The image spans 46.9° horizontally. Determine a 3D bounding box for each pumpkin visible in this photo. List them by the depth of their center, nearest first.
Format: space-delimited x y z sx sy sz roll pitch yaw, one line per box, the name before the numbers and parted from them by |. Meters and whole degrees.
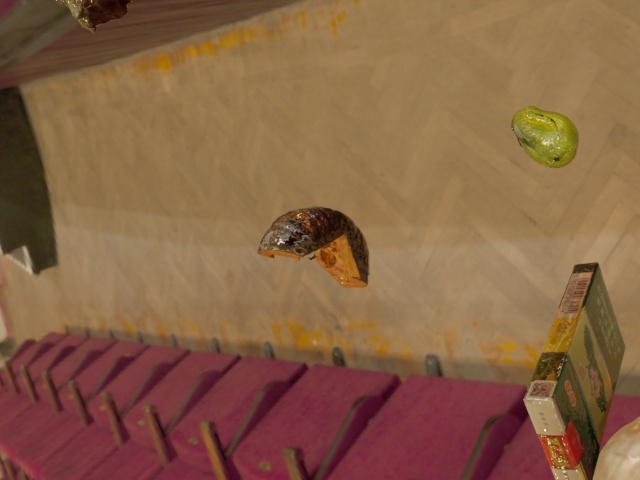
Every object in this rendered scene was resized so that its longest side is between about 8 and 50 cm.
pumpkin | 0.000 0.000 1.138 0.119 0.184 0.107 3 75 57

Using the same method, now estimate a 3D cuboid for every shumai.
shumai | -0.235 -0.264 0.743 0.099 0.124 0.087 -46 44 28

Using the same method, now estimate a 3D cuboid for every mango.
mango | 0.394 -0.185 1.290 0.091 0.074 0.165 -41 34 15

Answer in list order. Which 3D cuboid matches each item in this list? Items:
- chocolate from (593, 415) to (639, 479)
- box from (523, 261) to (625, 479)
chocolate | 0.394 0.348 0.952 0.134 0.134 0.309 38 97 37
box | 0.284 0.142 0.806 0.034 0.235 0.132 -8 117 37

********

WORK INSTRUCTIONS: Without including any pictures, reproduce the listing exactly.

RESULT FOR THIS EXERCISE:
The image spans 46.9° horizontally. Determine a 3D bounding box for each pumpkin visible in this photo. List them by the depth of their center, nearest first.
Format: space-delimited x y z sx sy sz roll pitch yaw, one line per box, the name before the numbers and parted from them by |. Meters and whole degrees.
Every object in this rendered scene was resized so that its longest side is between about 8 and 50 cm.
pumpkin | 0.000 0.000 1.138 0.119 0.184 0.107 3 75 57

Using the same method, now estimate a 3D cuboid for every shumai.
shumai | -0.235 -0.264 0.743 0.099 0.124 0.087 -46 44 28

Using the same method, now estimate a 3D cuboid for every mango.
mango | 0.394 -0.185 1.290 0.091 0.074 0.165 -41 34 15

Answer in list order. Which 3D cuboid matches each item in this list? Items:
- chocolate from (593, 415) to (639, 479)
- box from (523, 261) to (625, 479)
chocolate | 0.394 0.348 0.952 0.134 0.134 0.309 38 97 37
box | 0.284 0.142 0.806 0.034 0.235 0.132 -8 117 37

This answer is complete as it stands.